The hunt for a good solution
Up until 2021, we dealt with the scaling of ELK issues by throwing more hardware at the problem. We also did extensive R&D with alternate options.
Here’s a rundown of what we found:
Grafana Loki – first impressions
Back in late 2019, we took a look at Grafana Loki 0.4. At the time, it was a relatively new project with limited storage options and a complicated microservice-oriented deployment setup. We ultimately decided against it due to the complexity of self-hosting it. But we kept an eye on it, hoping things would improve in the future.
Loki’s evolution and performance testing
Fast forward to 2021, and Loki had come a long way. Version 2.4 had simplified its deployment setup and addressed many past pain points. We were excited to see its new features, such as out-of-order writes in the index and BoltDB-based index storage for the filesystem. However, when we benchmarked its performance by importing a month’s worth of logs from our busiest application, Kite, the results were disappointing. Query times were painfully slow, and most queries timed out. Additionally, we found that Loki lacked good RBAC support in its open-source version.

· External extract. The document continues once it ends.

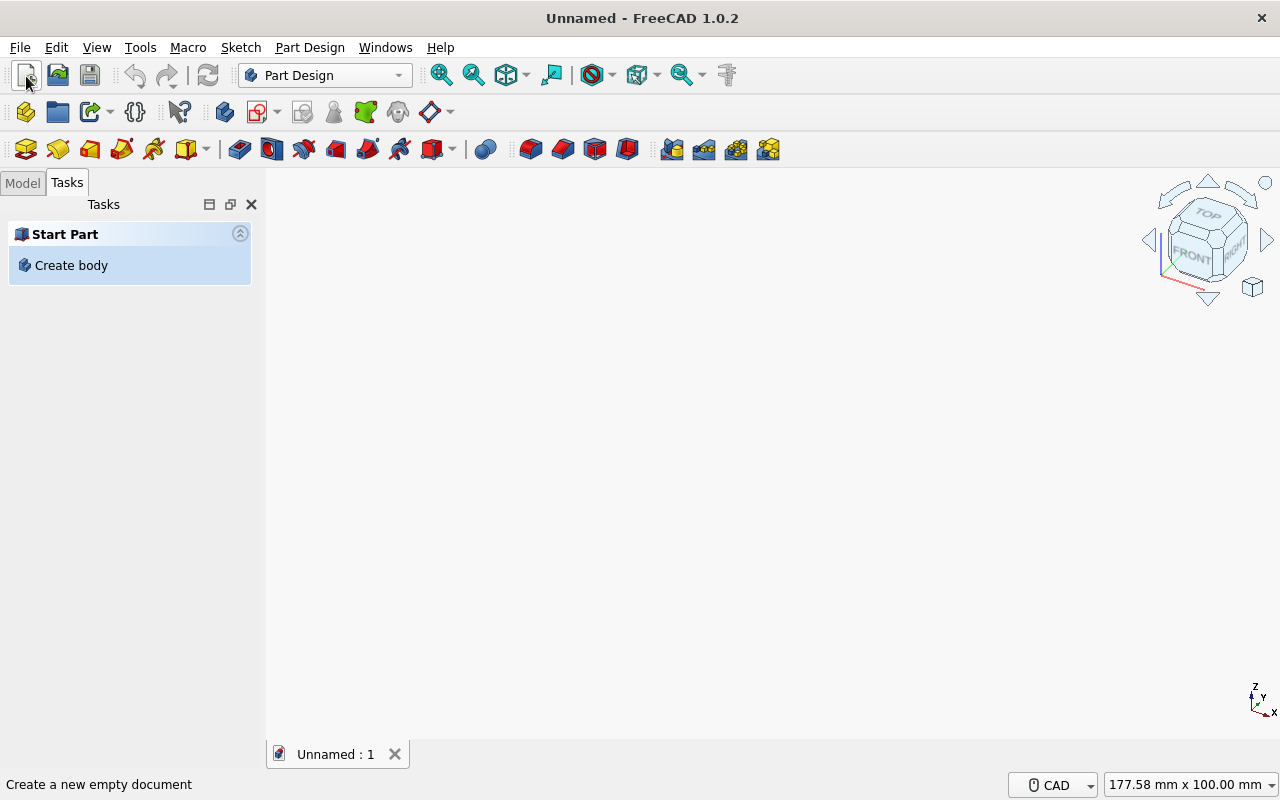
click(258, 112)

Exploring cLoki and Clickhouse
In our search for a better solution, we discovered cLoki, a project that implemented Loki’s API with Clickhouse for storage. While it initially looked promising, we quickly realized that it didn’t use native Clickhouse compression codes and didn’t provide the flexibility to design a custom schema for our app logs. Query performance for non-trivial queries involving partial matching was also unimpressive. Moreover, we couldn’t add configurable partition options for different tables or parameters like TTLs or custom ordering keys/indices.
Welcome to Loj
Loj is the internal name we came up with while deciding on a name for our logging project. It was originally meant to be pronounced as log where g is pronounced as jee, but all of us pronounce it as loj. No one remembers why exactly it was named so, but clearly, we excel at naming things creatively.
While the DevOps team was exploring different stacks for storing logs, the back office (Console) team started to explore Clickhouse for a “warehouse” storage. This warehouse stores the holdings and breakdown of each trade done by every user on our platforms. We’d gained enough confidence to use it for logging also. In addition, we’d also been keeping an eye on it since Cloudflare posted about their adoption of Clickhouse for storing HTTP analytic logs. Since Clickhouse is an excellent choice for large OLAP workloads such as this warehouse and can handle large volumes of immutable data, we decided to try using it for storing our logs.
Loj is essentially a mix of 3 different components for our logging pipeline:
- Vector: For shipping logs to central storage.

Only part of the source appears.